InfluxDB was one of the first databases specifically designed for time-series data, and it's still widely used for monitoring and real-time metrics. For crypto candles, it works — but its query language (Flux) has a learning curve that puts many SQL-fluent traders off. InfluxDB 3.0 has made significant improvements and adopts a more SQL-friendly interface, which makes it more viable for trading applications.
QuestDB is the newer entrant and increasingly popular in algo trading circles. It speaks standard SQL, has outstanding ingestion throughput (it can handle millions of rows per second), and was specifically designed with financial time-series data in mind. If you're streaming live tick data from Bitget or Gate.io at high frequency, QuestDB's ingestion performance is hard to beat. Its web console also makes exploratory querying surprisingly pleasant.
One concrete use case where QuestDB shines: you're running a bot on KuCoin that generates a new candle record every 100ms from a tick aggregator. QuestDB's append-only write model handles this without locking or contention — your reads and writes don't step on each other even at high throughput.

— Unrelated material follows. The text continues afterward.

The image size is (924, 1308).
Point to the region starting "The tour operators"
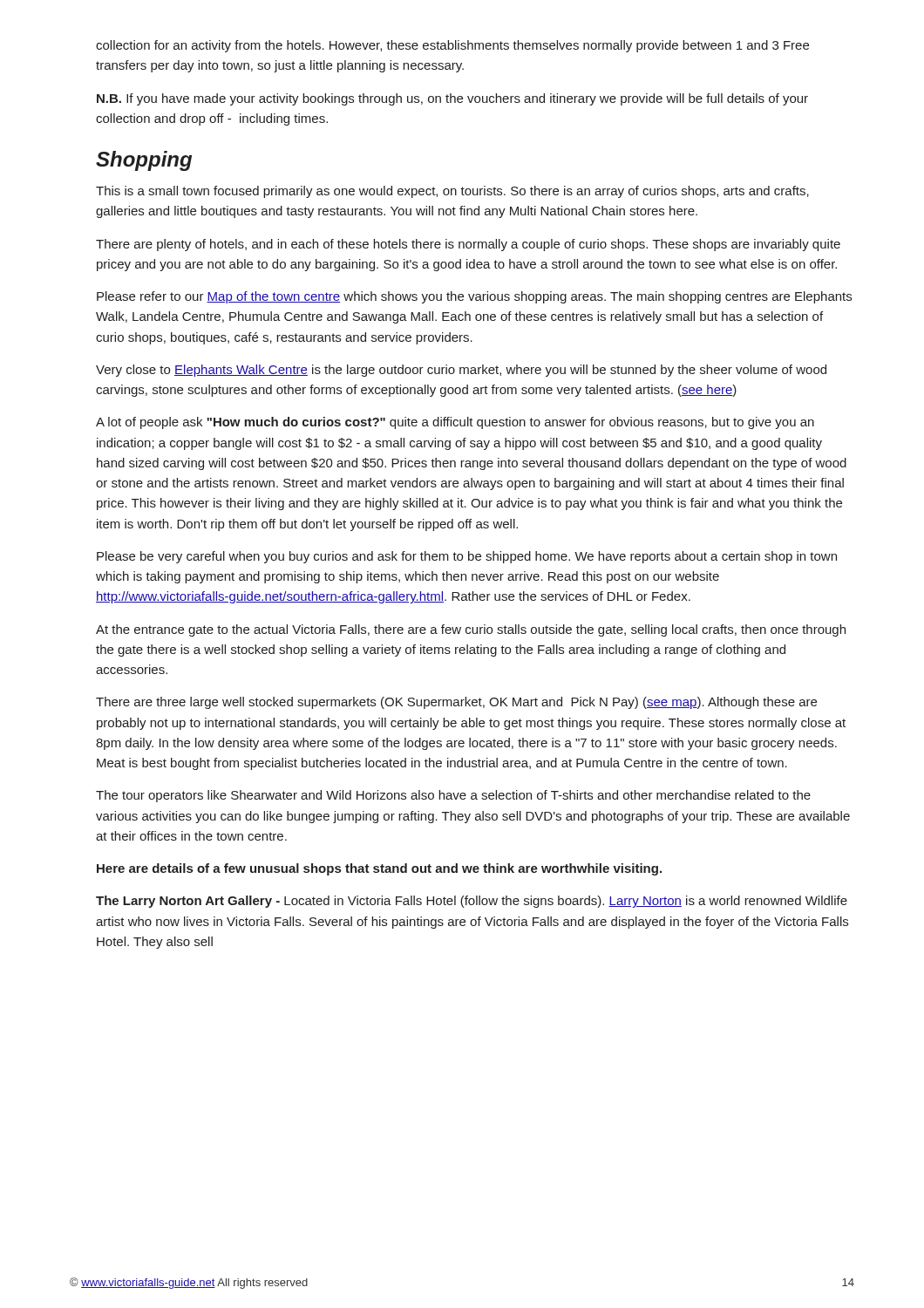473,815
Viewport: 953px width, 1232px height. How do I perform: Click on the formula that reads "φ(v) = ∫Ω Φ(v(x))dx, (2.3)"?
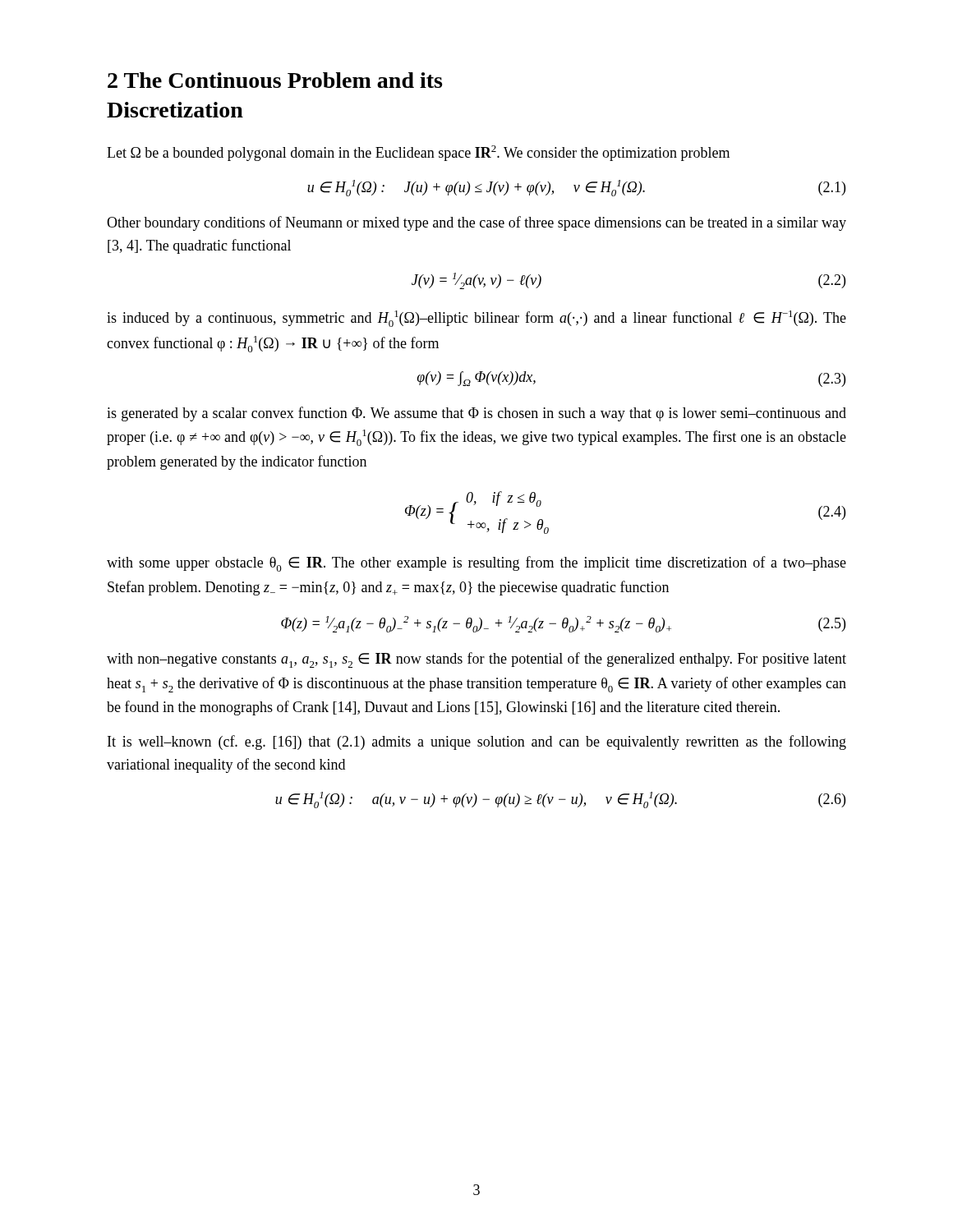(x=476, y=379)

Key Takeaway: InfluxDB suits monitoring-style workloads; QuestDB is increasingly the choice for high-frequency candle ingestion with SQL familiarity. Both are worth benchmarking if TimescaleDB or ClickHouse feel over-engineered for your scale.
MongoDB comes up often in early-stage crypto projects because it's familiar and flexible — you can throw any shape of document at it without defining a schema upfront. For candle data specifically, it's a poor long-term choice. Time-range queries require careful indexing, storage efficiency is worse than columnar alternatives, and as your dataset grows, you'll feel the friction. MongoDB makes sense if candle data is a small part of a larger application where you're already using it for other things — not as a dedicated candle store.

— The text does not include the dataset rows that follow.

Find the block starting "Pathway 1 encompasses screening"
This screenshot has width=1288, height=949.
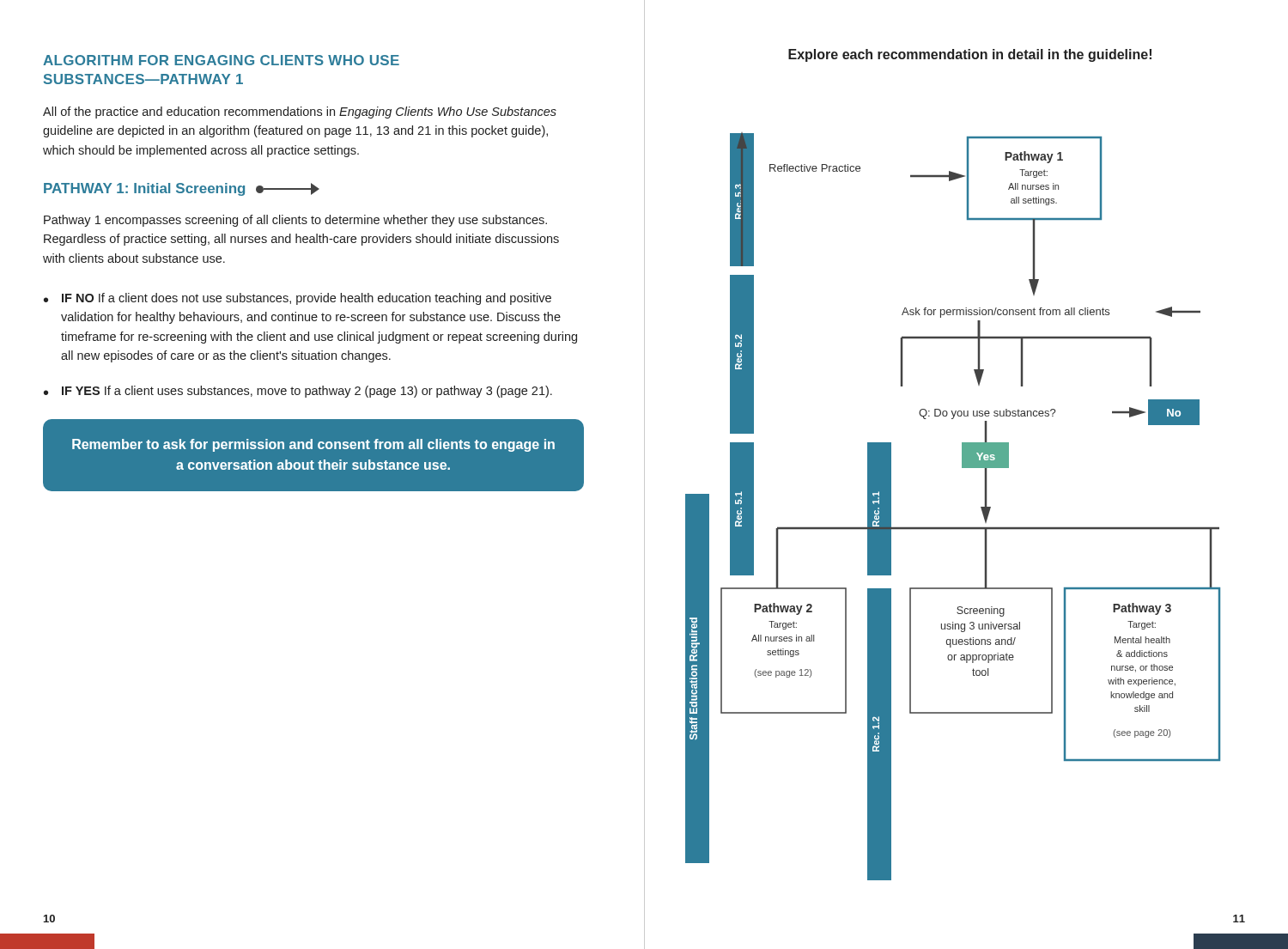(x=313, y=239)
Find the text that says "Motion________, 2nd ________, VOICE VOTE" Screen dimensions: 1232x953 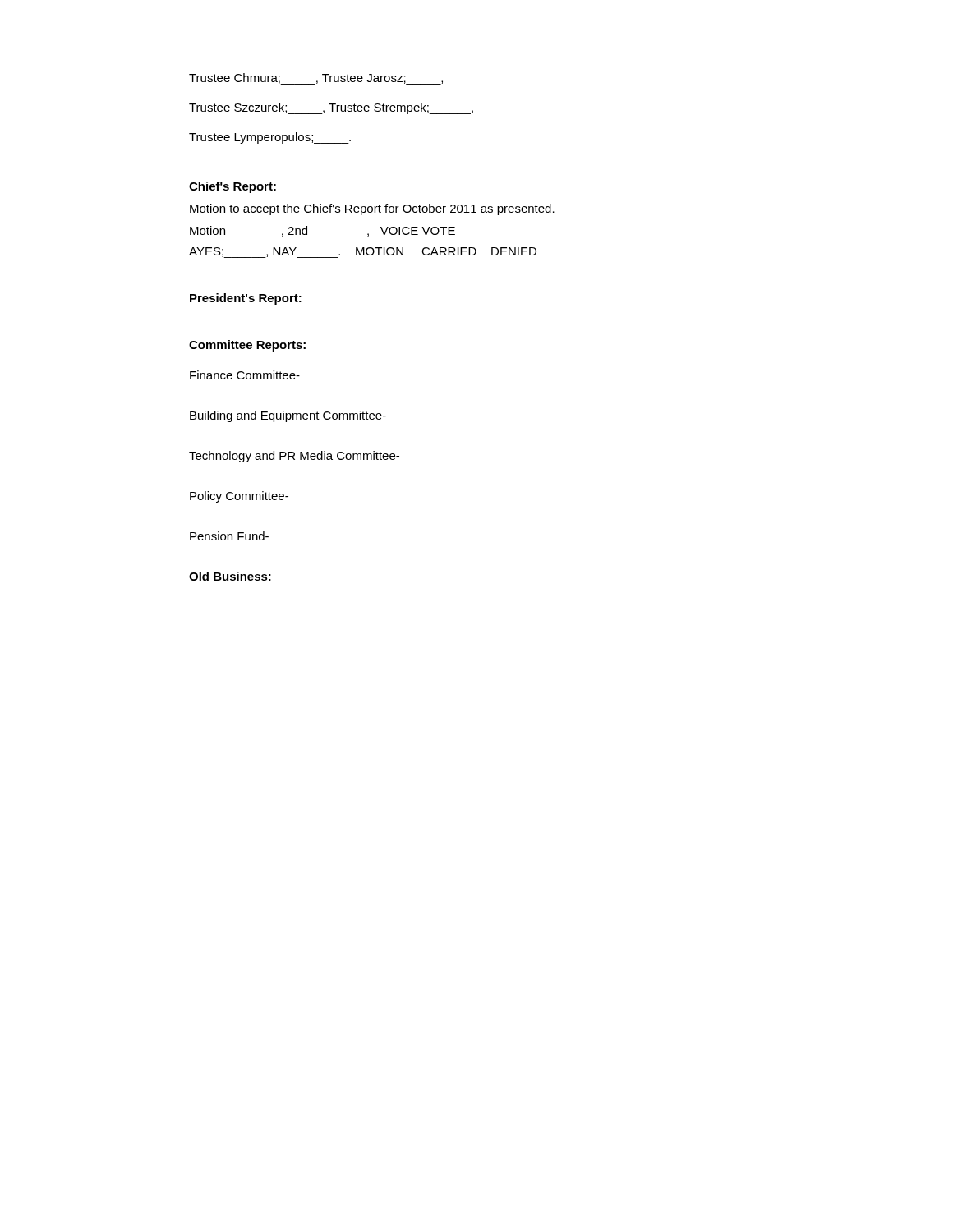pyautogui.click(x=322, y=230)
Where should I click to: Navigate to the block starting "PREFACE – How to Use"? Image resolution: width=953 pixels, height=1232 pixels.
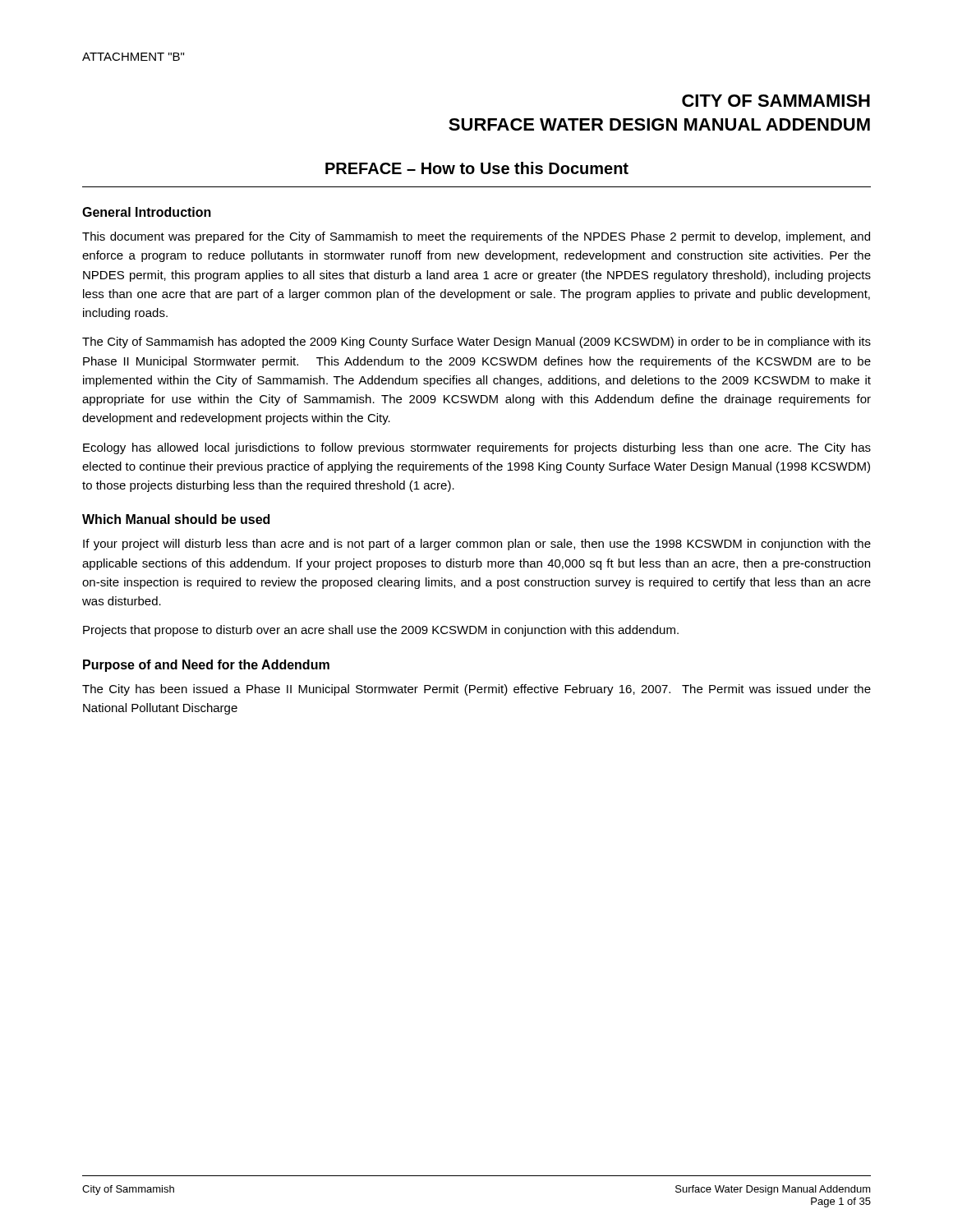coord(476,169)

Plain PostgreSQL (without the TimescaleDB extension) is similar: fine for small datasets and prototyping, increasingly painful as you scale. A table with 50 million 1-minute candles across 20 symbols is not unusual for an active trader — and at that scale, unpartitioned PostgreSQL queries start taking seconds when they should take milliseconds. The TimescaleDB extension costs nothing and fixes this; there's rarely a reason to run plain Postgres for candle data.

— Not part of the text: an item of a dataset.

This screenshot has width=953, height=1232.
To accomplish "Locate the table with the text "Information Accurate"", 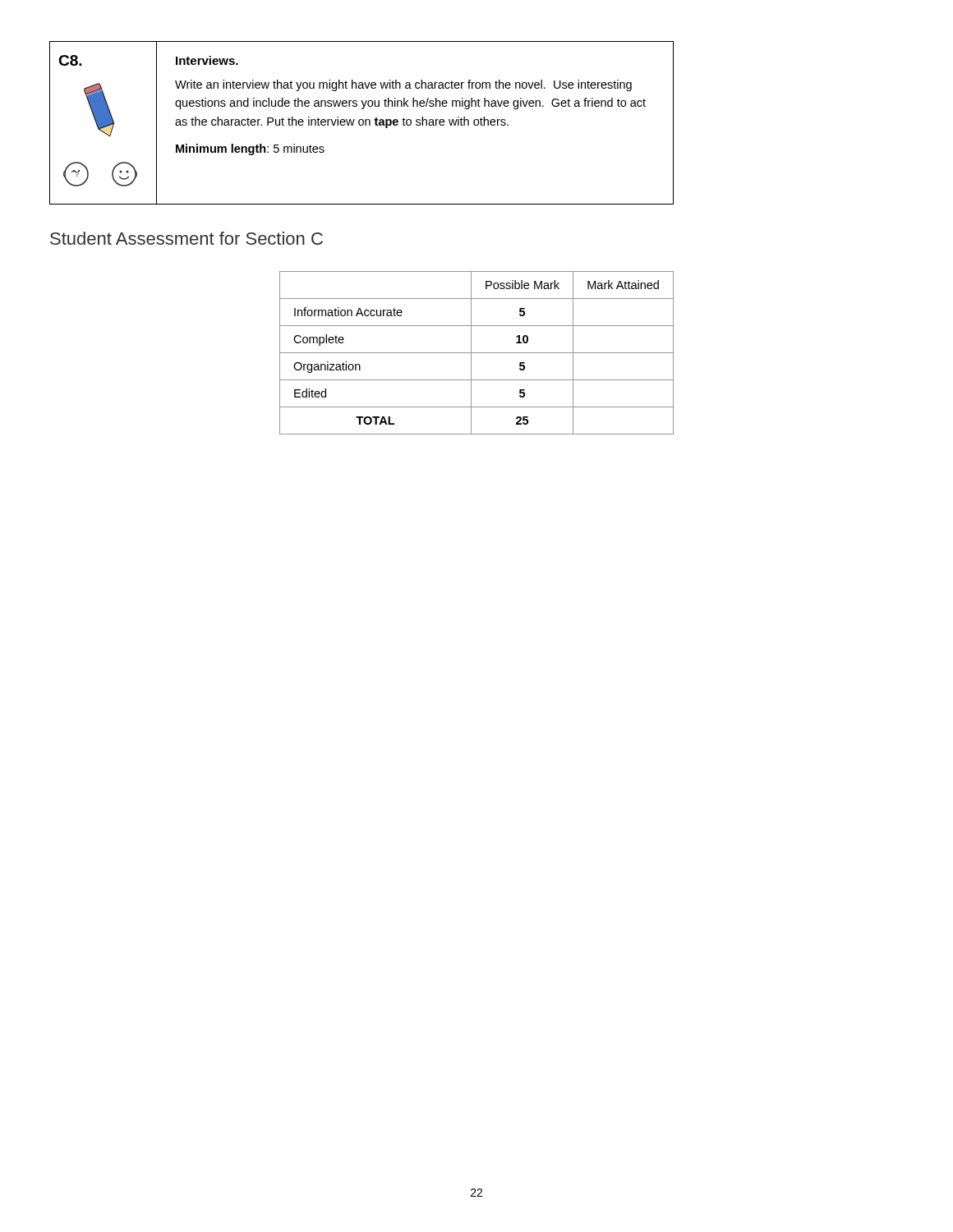I will click(476, 353).
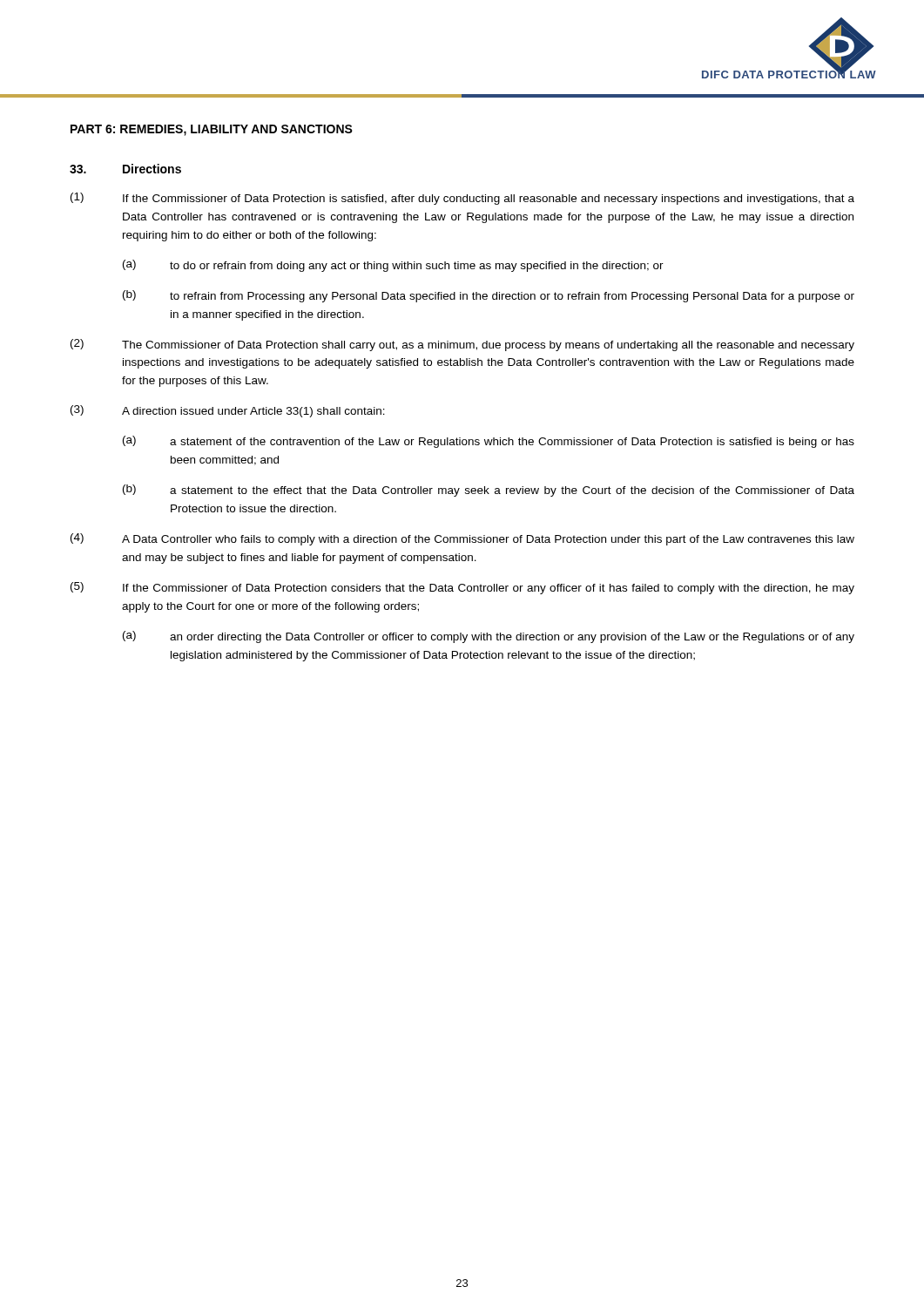Select the text starting "(2) The Commissioner of Data"

(462, 363)

The decision comes down to three questions: How much data are you storing? What are your primary query patterns? And how much operational complexity can you handle?
One practical tip: whatever database you choose, always include exchange name as an indexed column in your candle table. You'll inevitably end up storing data from multiple sources — Binance spot, OKX perpetuals, Coinbase — and filtering by exchange without an index means full table scans that get expensive fast.
For most crypto traders building a candle data pipeline, TimescaleDB is the pragmatic default — it's battle-tested, speaks SQL, compresses well, and scales further than most individual traders will ever need. If you're running serious analytics across billions of rows, ClickHouse earns its complexity. QuestDB is a strong dark horse for high-ingestion scenarios. Avoid plain PostgreSQL and MongoDB for anything beyond prototyping.
The database is the foundation everything else sits on. Platforms like Binance, Bybit, OKX, and Coinbase all provide WebSocket feeds and REST APIs to populate it — the data is there for the taking. Getting your storage layer right means your strategies, backtests, and signals all run on a solid, fast, reliable base. That's not the exciting part of trading infrastructure, but it's the part that quietly determines whether everything else works.